RABAT, Morocco (AP) — As wildly contradictory accounts trickled out about a terror attack at an Algerian gas plant, one source of information proved to be the most reliable: announcements by the al-Qaida-linked militants themselves.
The hostage-takers phoned in regularly with up-to-the-minute reports, offered eerily accurate numbers of hostages taken and killed, and clearly laid out their goals.
All this came via a Mauritanian news website that — apart from receiving calls from radical Islamists and al-Qaida-linked militants — is known for its reliability on more mundane local news.
Algeria's official information, in contrast, was silent and murky. At one point the state news service even went dark online before returning with a home page scrubbed of all mention of the hostage crisis that had riveted the world.
When Algerian officials were willing to comment — only anonymously — their information drastically underplayed the scope of the hostage siege that left at least 37 captives and 29 militants dead and sent scores of foreign energy workers fleeing across the desert for their lives.
The reliability of the information from the kidnappers was a departure from the more bombastic and exaggerated announcements typical of al-Qaida-affiliated insurgents in Iraq, Afghanistan and other conflicts.
Also, instead of publishing statements on a password-protected jihadi website entirely in Arabic, the Masked Brigade that claimed responsibility for the gas plant attack sent its information to a news website published in both French and Arabic, reaching a much wider audience.
"It was in the interests of the gunmen to get their story out and the Algerians didn't perceive it was in their interest to get the story out in real time," said William Lawrence, the North Africa analyst for the International Crisis Group. "The gunmen needed to negotiate through the media, politicize the Mali conflict through the media, and score jihadist points in the media."
The editor of the Mauritanian site, the Nouakchott Information Agency, also known as ANI, attributed the difference in style to the Masked Brigade's founder, Moktar Belmoktar.
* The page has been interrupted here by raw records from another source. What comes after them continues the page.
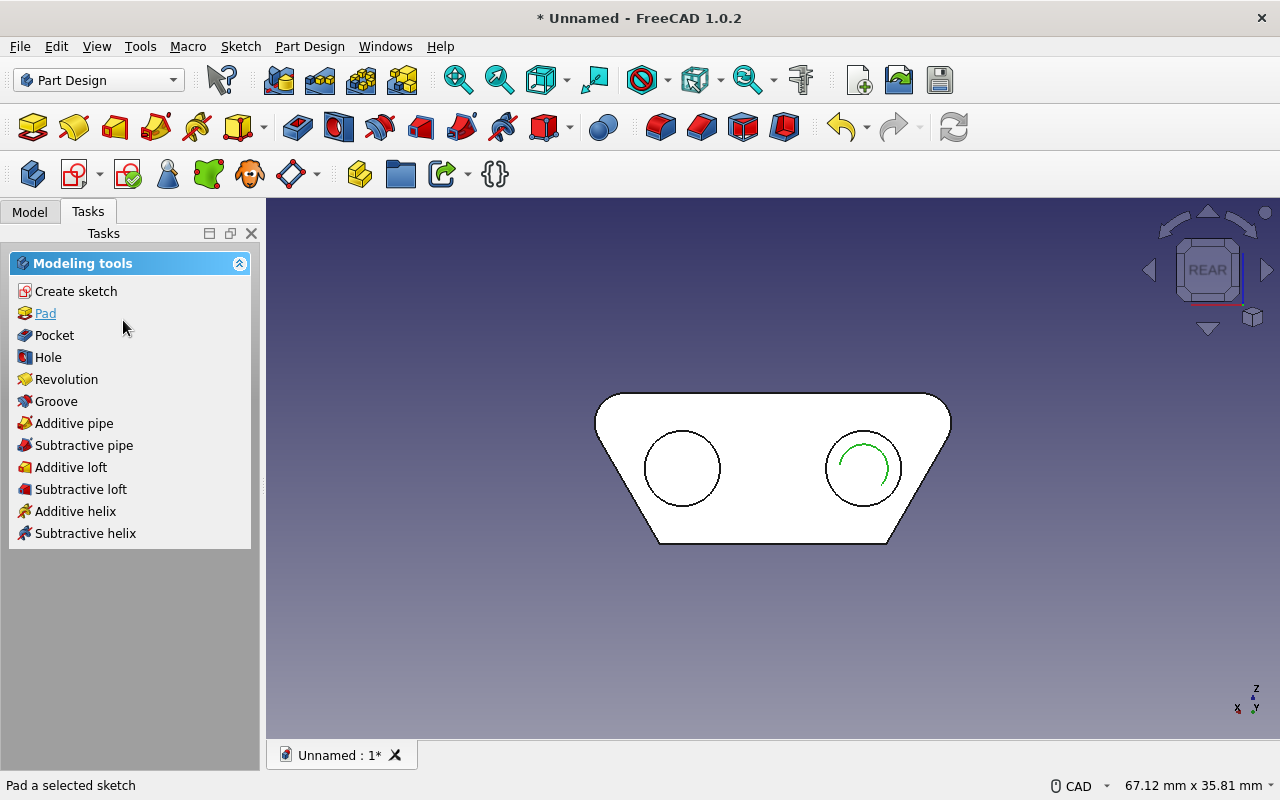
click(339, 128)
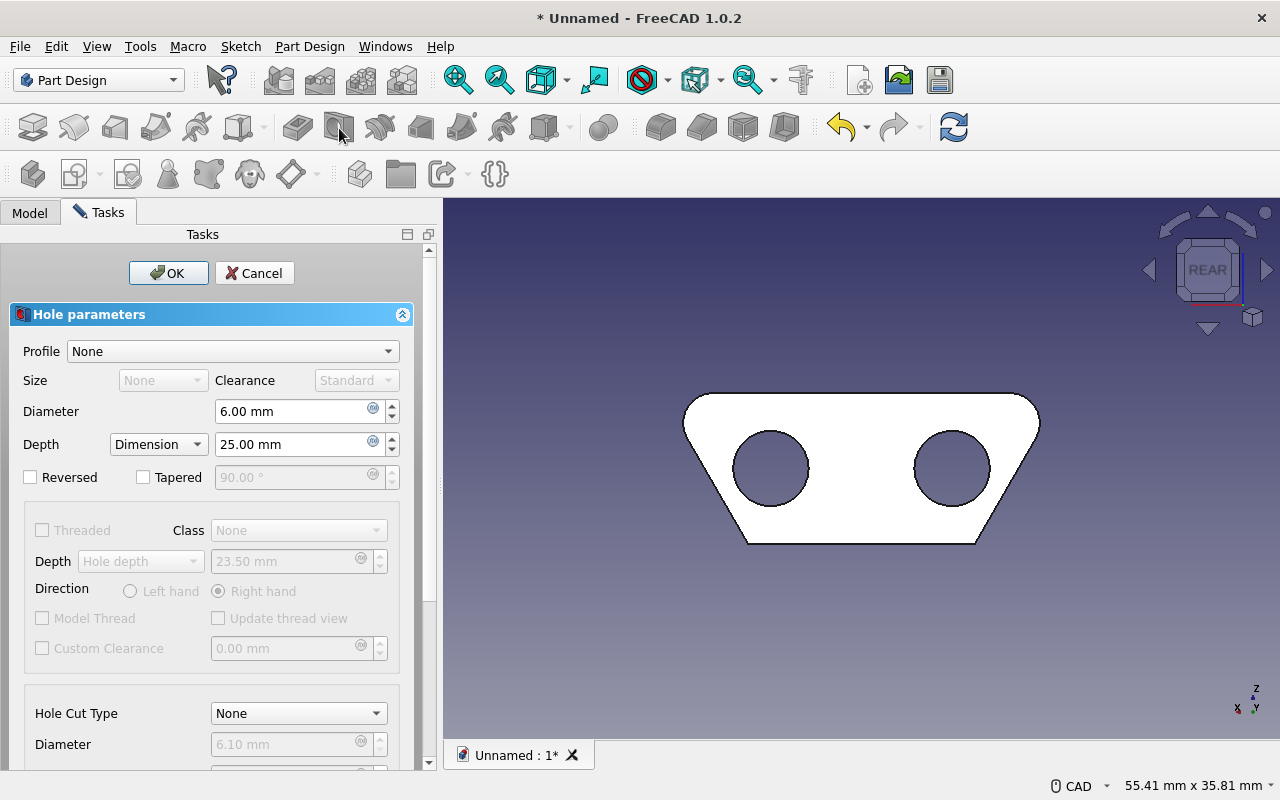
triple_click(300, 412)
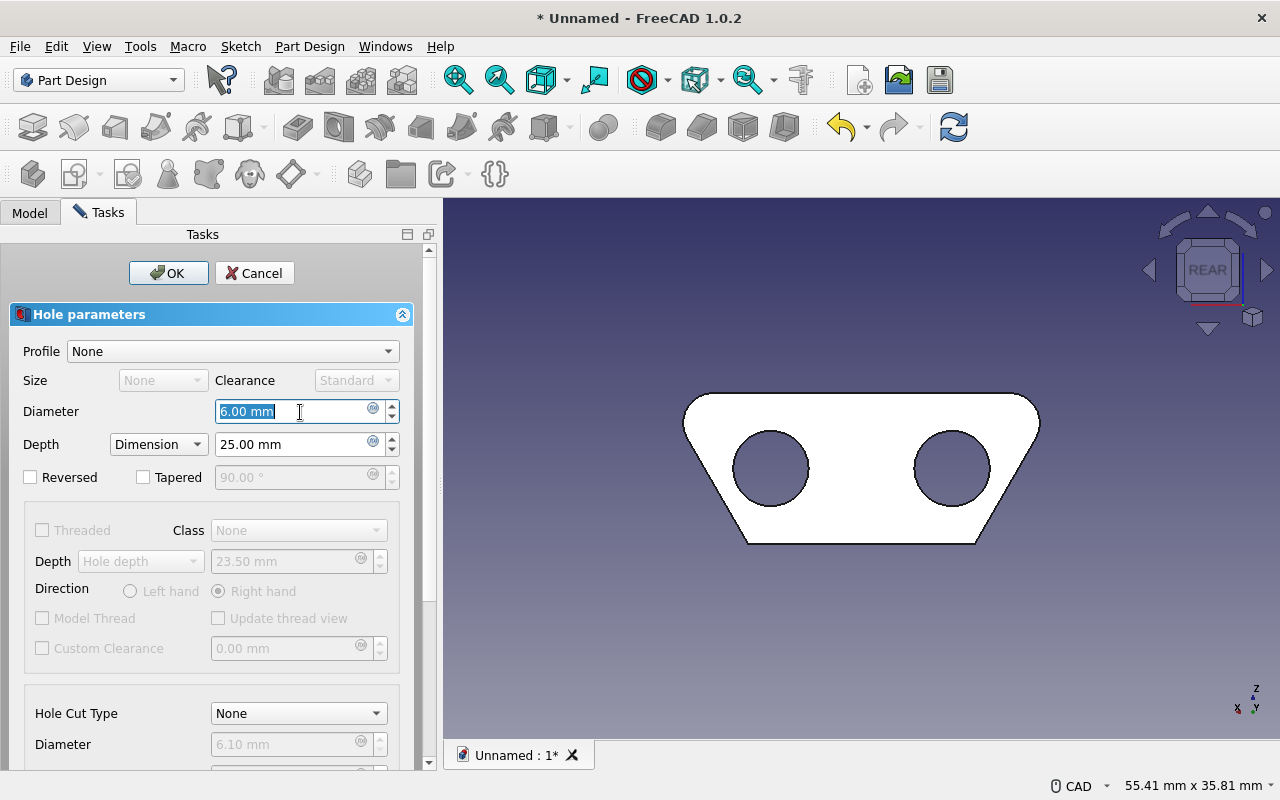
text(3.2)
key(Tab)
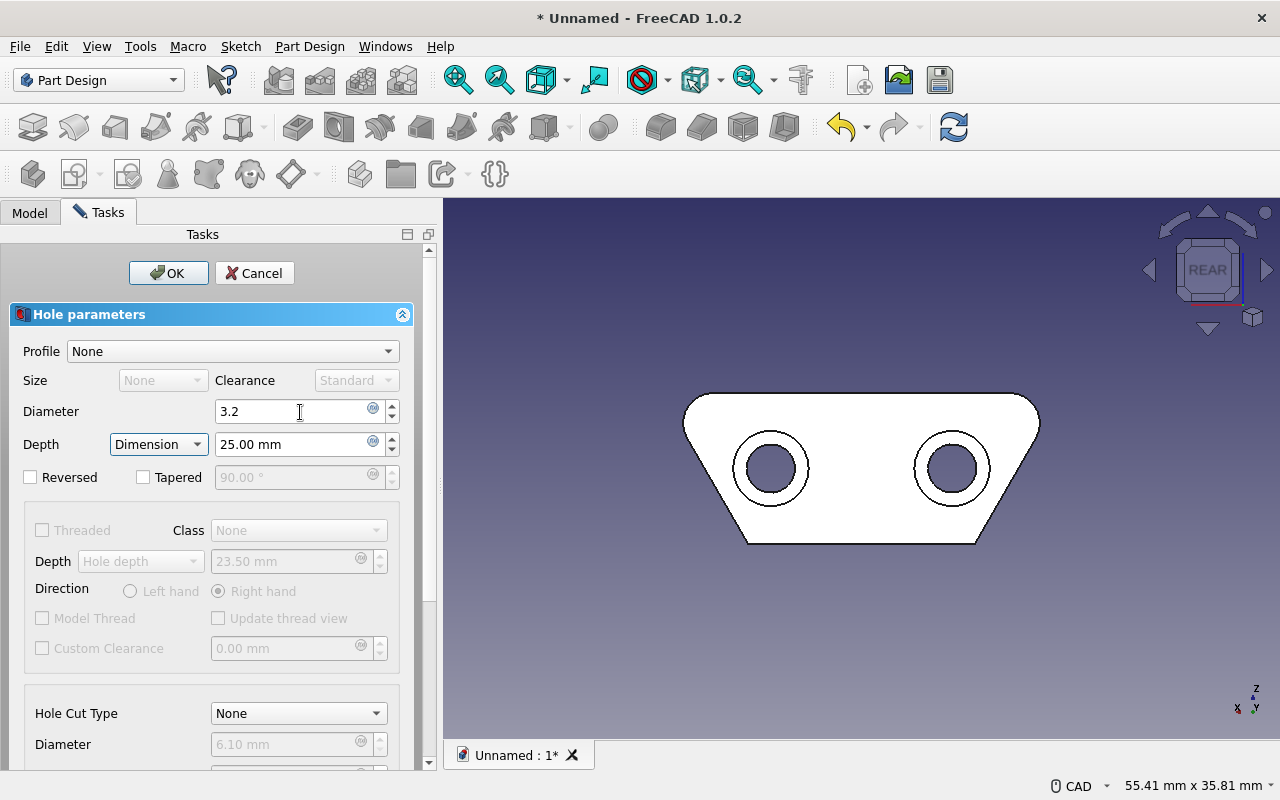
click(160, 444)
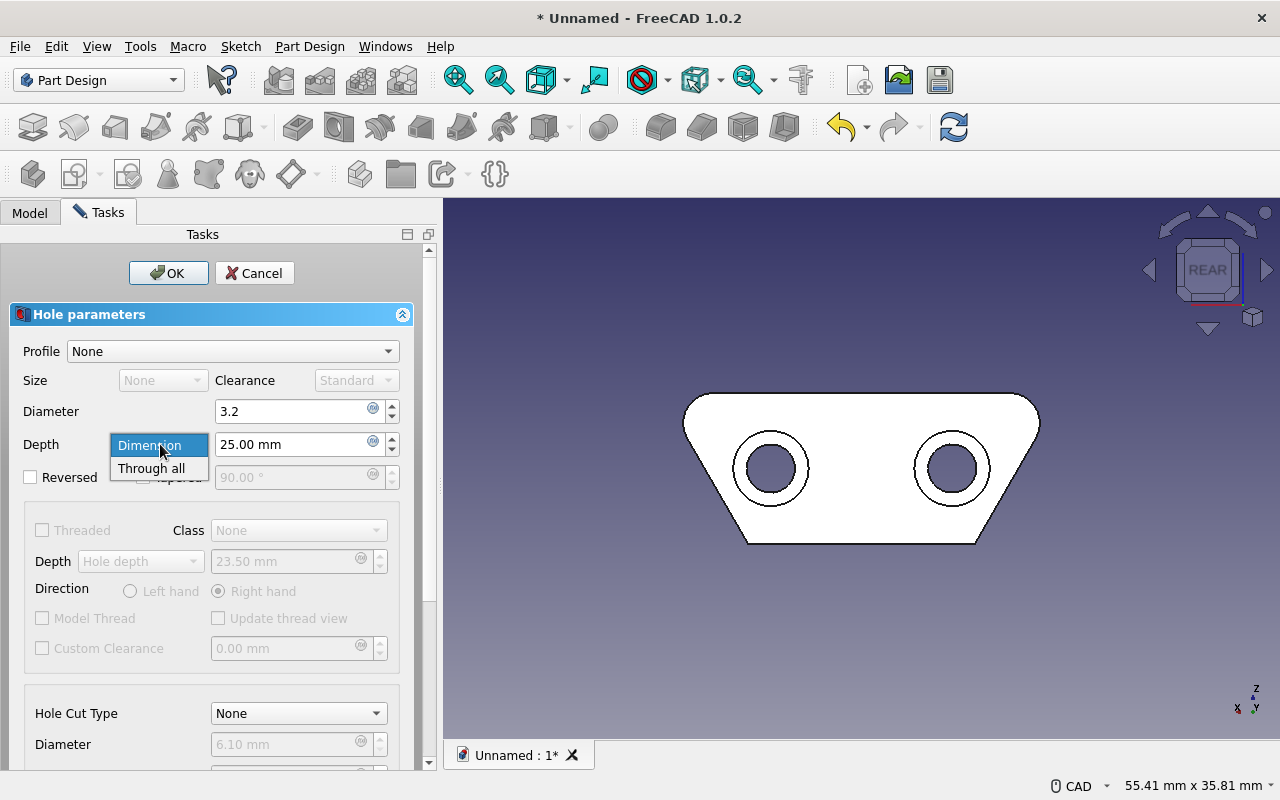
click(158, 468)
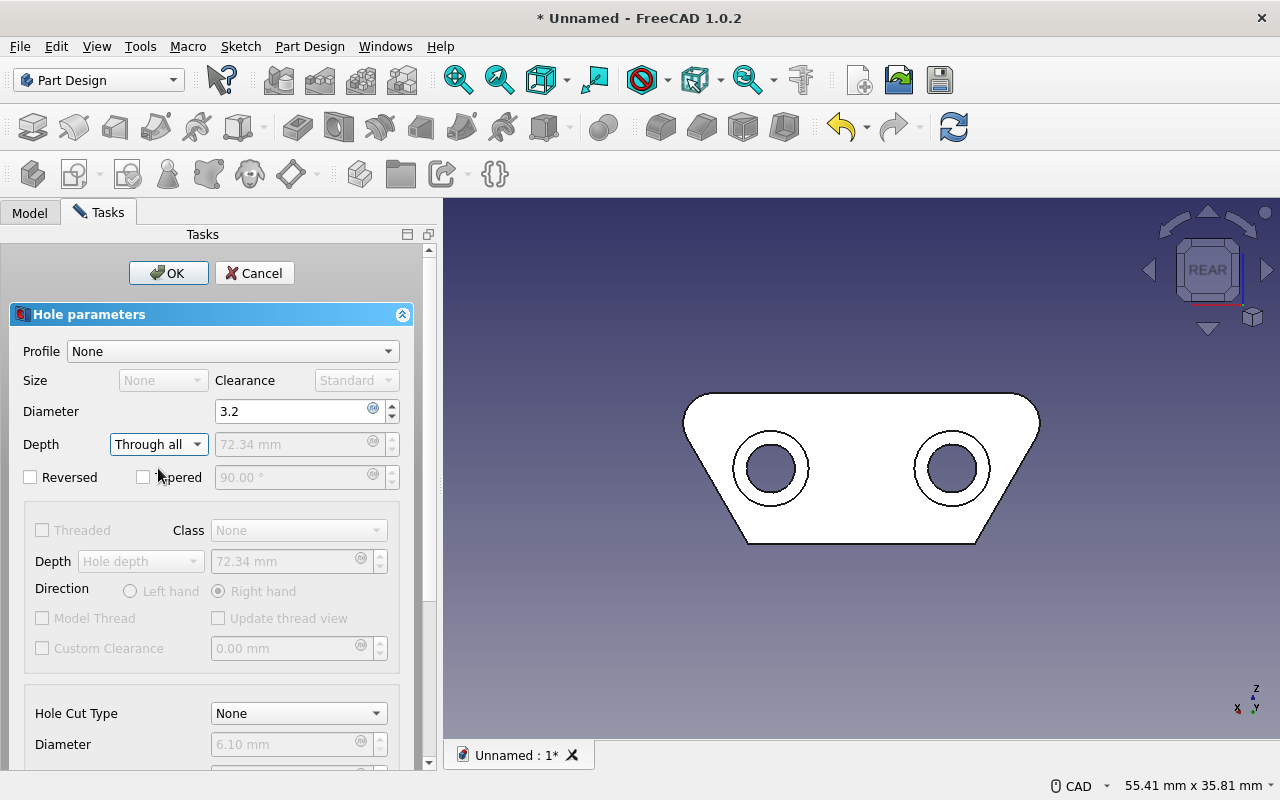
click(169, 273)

"Moktar is a man who speaks frankly of what he wants, he's straight forward," said El Mokhtar Ould Sidi, who added that his site left out the parts of the kidnappers' statements that he deemed to be propaganda. "It's very different from al-Qaida in the Islamic Maghreb or al-Qaida central."
Figuring out what was happening during North Africa's most audacious terror attack was no easy matter with the Ain Amenas natural gas complex deep in the Sahara desert, more than 800 miles (1,300 kilometers) from the capital, Algiers.
Despite a vibrant local newspaper scene, Algeria is not an easy place for foreign journalists to operate and information about security matters is kept under tight control by the military-dominated government.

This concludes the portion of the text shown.